## Demo 3: PySpark Medallion Architecture - Persisted using Parquet and Queried with Spark-SQL
### Overview
Structured Streaming is a scalable and fault-tolerant stream processing engine built on the Spark SQL engine. You can express your streaming computation the same way you would express a batch computation on static data. The Spark SQL engine will take care of running it incrementally and continuously and updating the final result as streaming data continues to arrive. You can use the Dataset/DataFrame API in Scala, Java, Python or R to express streaming aggregations, event-time windows, stream-to-batch joins, etc. The computation is executed on the same optimized Spark SQL engine. Finally, the system ensures end-to-end exactly-once fault-tolerance guarantees through checkpointing and Write-Ahead Logs. In short, Structured Streaming provides fast, scalable, fault-tolerant, end-to-end exactly-once stream processing without the user having to reason about streaming.

Internally, by default, Structured Streaming queries are processed using a micro-batch processing engine, which processes data streams as a series of small batch jobs thereby achieving end-to-end latencies as low as 100 milliseconds and exactly-once fault-tolerance guarantees. However, since Spark 2.3, we have introduced a new low-latency processing mode called Continuous Processing, which can achieve end-to-end latencies as low as 1 millisecond with at-least-once guarantees. Without changing the Dataset/DataFrame operations in your queries, you will be able to choose the mode based on your application requirements.

Having gained a better understanding of how to perform **incremental data processing** in a previous demonstration, where we combined Structured Streaming APIs and Spark SQL, we can now explore the tight integration between Structured Streaming and Delta Lake.

#### Objectives
By the end of this lesson, you should be able to:
* Describe Bronze, Silver, and Gold tables
* Create a Delta Lake multi-hop pipeline

#### Incremental Updates in the Lakehouse
Delta Lake allows users to easily combine streaming and batch workloads in a unified multi-stage pipeline, wherein each stage of the pipeline represents a state of our data valuable to driving core use cases within the business. With all data and metadata resident in object storage in the cloud, multiple users and applications can access data in near-real time, allowing analysts to access the freshest data as it's being processed.

![](https://files.training.databricks.com/images/sslh/multi-hop-simple.png)

- **Bronze** tables contain raw data ingested from various sources (JSON files, RDBMS data,  IoT data, to name a few examples).
- **Silver** tables provide a more refined view of our data. We can join fields from various bronze tables to enrich streaming records, or update account statuses based on recent activity.
- **Gold** tables provide business level aggregates often used for reporting and dashboarding. This would include aggregations such as daily active website users, weekly sales per store, or gross revenue per quarter by department. 

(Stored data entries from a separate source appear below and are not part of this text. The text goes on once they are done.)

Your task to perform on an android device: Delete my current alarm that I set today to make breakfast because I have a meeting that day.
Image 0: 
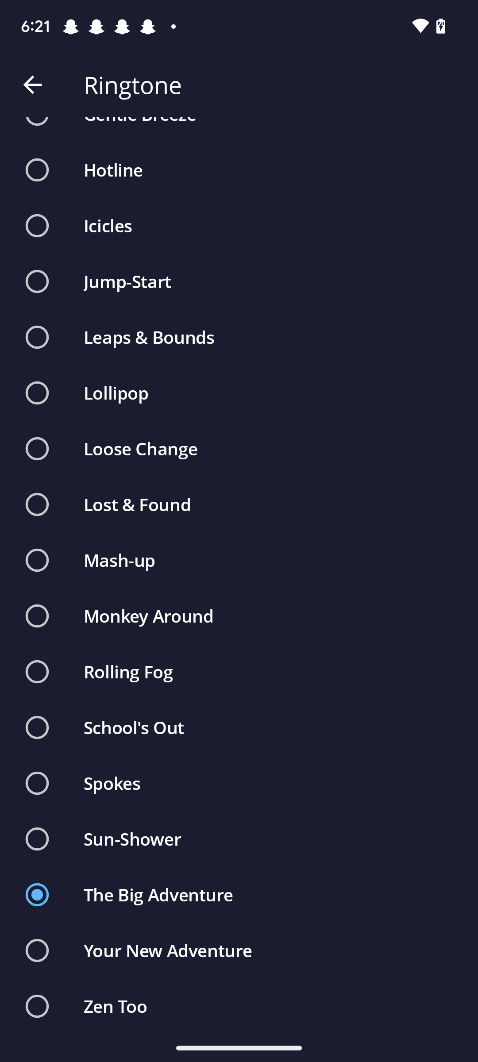
Click on the arrow icon at the top left corner of the screen.
Step 0: click (32, 85)
Image 1: 
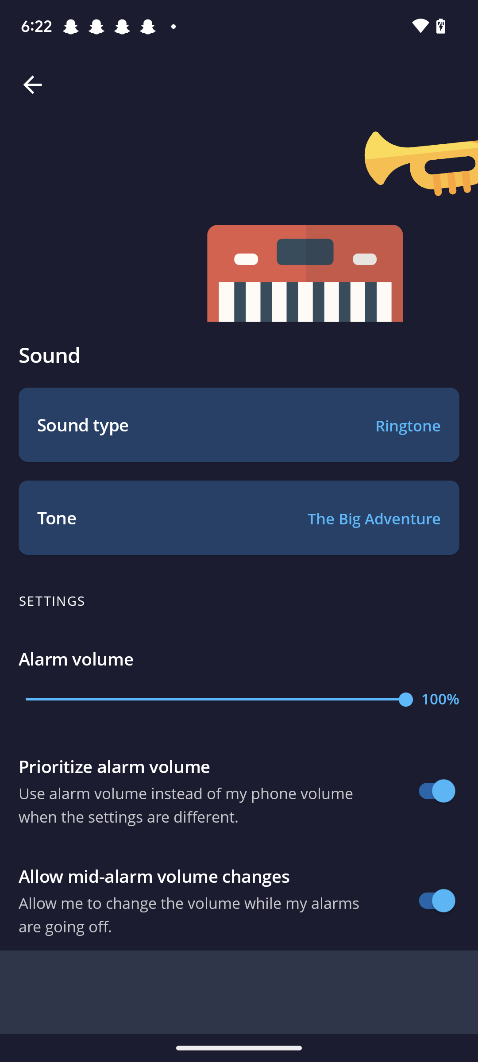
Click on the arrow icon at the top left corner of the screen.
Step 1: click (32, 85)
Image 3: 
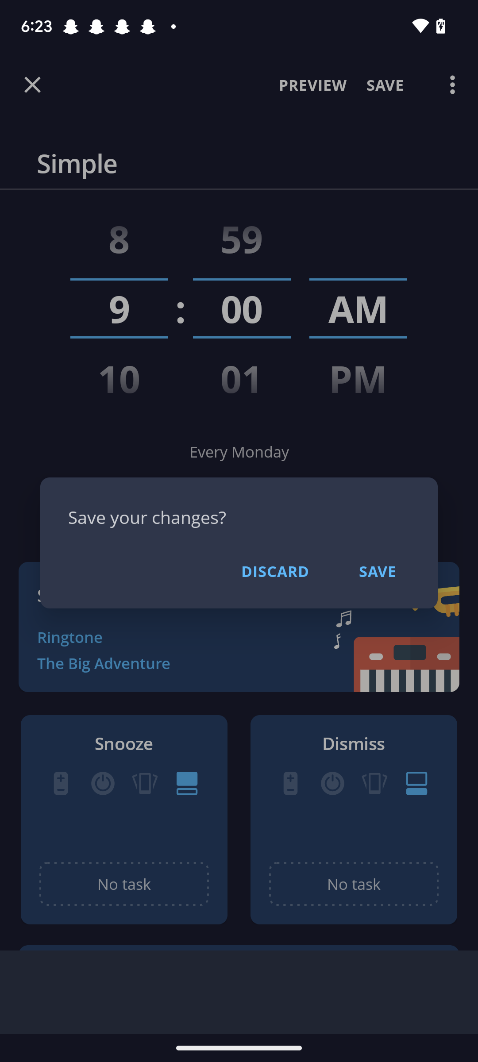
Click on Discard in the middle of the screen.
Step 3: click (275, 571)
Image 4: 
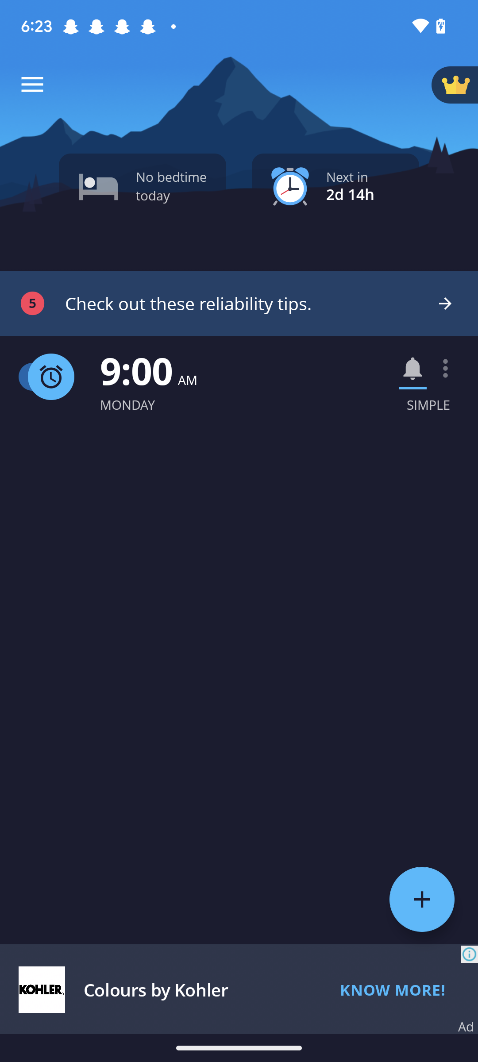
Click on the ellipsis icon on the right side of the screen.
Step 4: click (450, 368)
Image 5: 
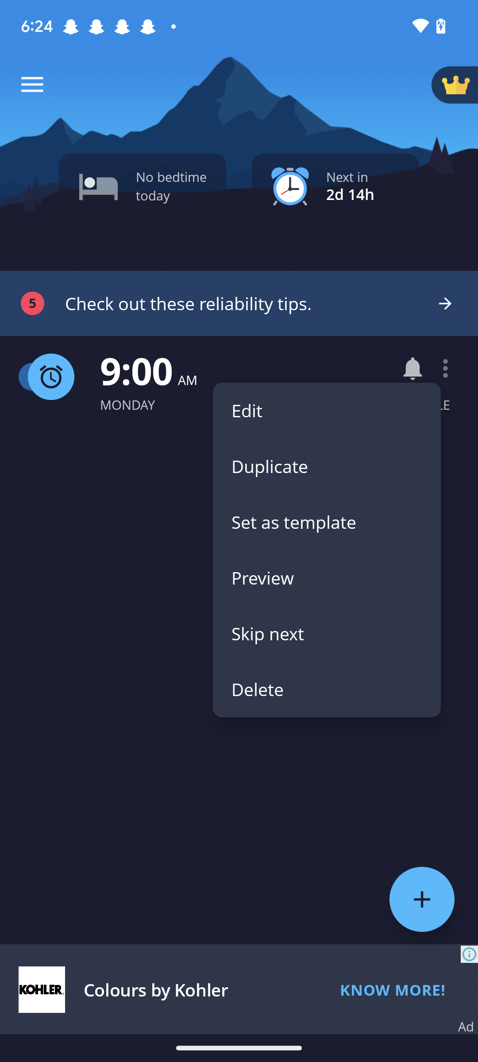
Click on the Delete option in the list on the right side of the screen.
Step 5: click (327, 689)
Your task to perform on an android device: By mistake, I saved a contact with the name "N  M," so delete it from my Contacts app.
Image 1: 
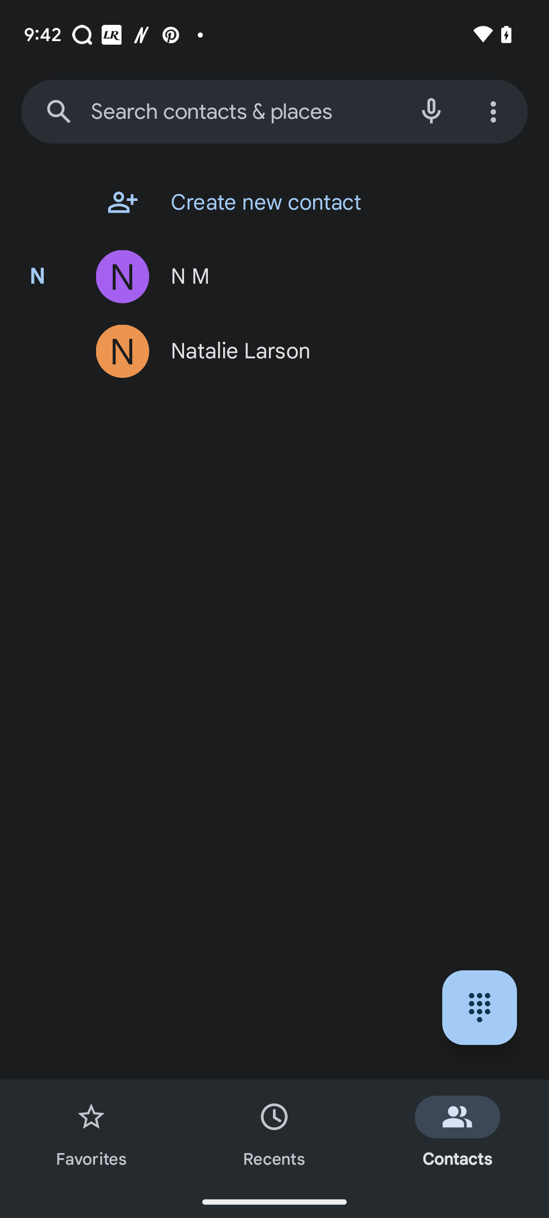
Open the Contact N M.
Step 1: click (301, 277)
Image 2: 
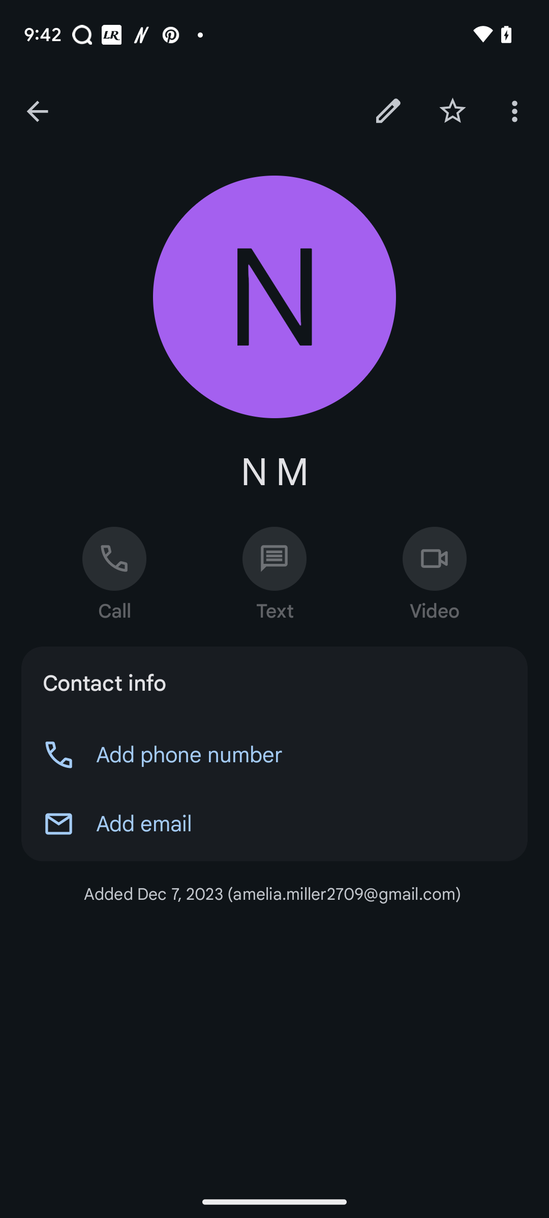
Click on the three dots at the top right corner of the screen.
Step 2: click (516, 111)
Image 3: 
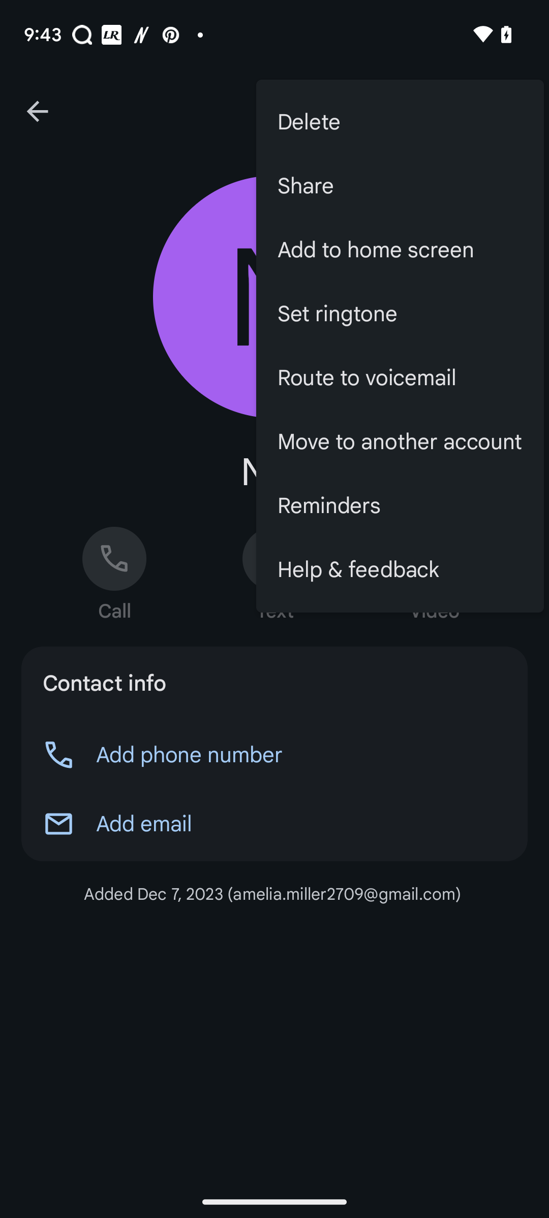
Click on the Delete Button.
Step 3: click (400, 122)
Image 4: 
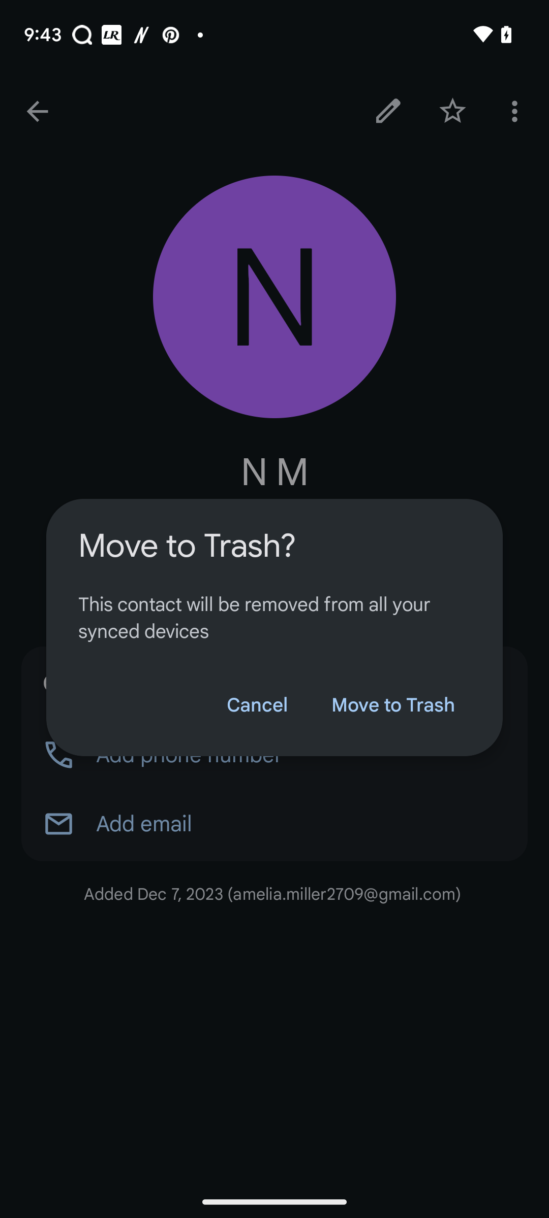
Click the option move to Trash.
Step 4: click (392, 705)

The end outputs are actionable insights, dashboards and reports of business metrics.  By considering our business logic at all steps of the ETL pipeline, we can ensure that storage and compute costs are optimized by reducing unnecessary duplication of data and limiting ad hoc querying against full historic data.  Each stage can be configured as a batch or streaming job, and ACID transactions ensure that we succeed or fail completely.

### Lab Details:
This lab will demonstrate ingesting artificially generated medical data, in JSON format, that simulates heart rate monitor signals captured from numerous devices; therefore, this data represents what would be expected from a Streaming data source.

#### Datasets Used:
The schema of our two datasets is represented below. Note that we will be manipulating these schema during various steps.

##### Recordings:
The main dataset uses heart rate recordings from medical devices delivered in the JSON format.

| Field | Type |
| --- | --- |
| device_id | int |
| mrn | long |
| time | double |
| heartrate | double |

##### Personally Identifiable Information (PII):
These data will later be joined with a static table of patient information stored in an external system to identify patients.

| Field | Type |
| --- | --- |
| mrn | long |
| name | string |

### 1.0. Prerequisites:

In [1]:
import findspark
findspark.init()
findspark.find()

'C:\\spark-3.5.4-bin-hadoop3'

#### 1.1. Import Required Libraries

In [2]:
import os
import sys
import json
import shutil

from pyspark import SparkConf
from pyspark.sql import SparkSession
from pyspark.sql.functions import *
from pyspark.sql.types import *

#### 1.2. Instantiate Global Variables

In [3]:
# --------------------------------------------------------------------------------
# Specify Directory Structure for Source Data
# --------------------------------------------------------------------------------
base_dir = os.path.join(os.getcwd(), 'lab_data')
data_dir = os.path.join(base_dir, 'healthcare')
batch_dir = os.path.join(data_dir, 'batch')
stream_dir = os.path.join(data_dir, 'streaming')
tracker_stream_dir = os.path.join(stream_dir, 'tracker')

# --------------------------------------------------------------------------------
# Create Directory Structure for Data Lakehouse Files
# --------------------------------------------------------------------------------
dest_database = "healthcare_dlh"
sql_warehouse_dir = os.path.abspath('spark-warehouse')
database_dir = os.path.join(sql_warehouse_dir, dest_database)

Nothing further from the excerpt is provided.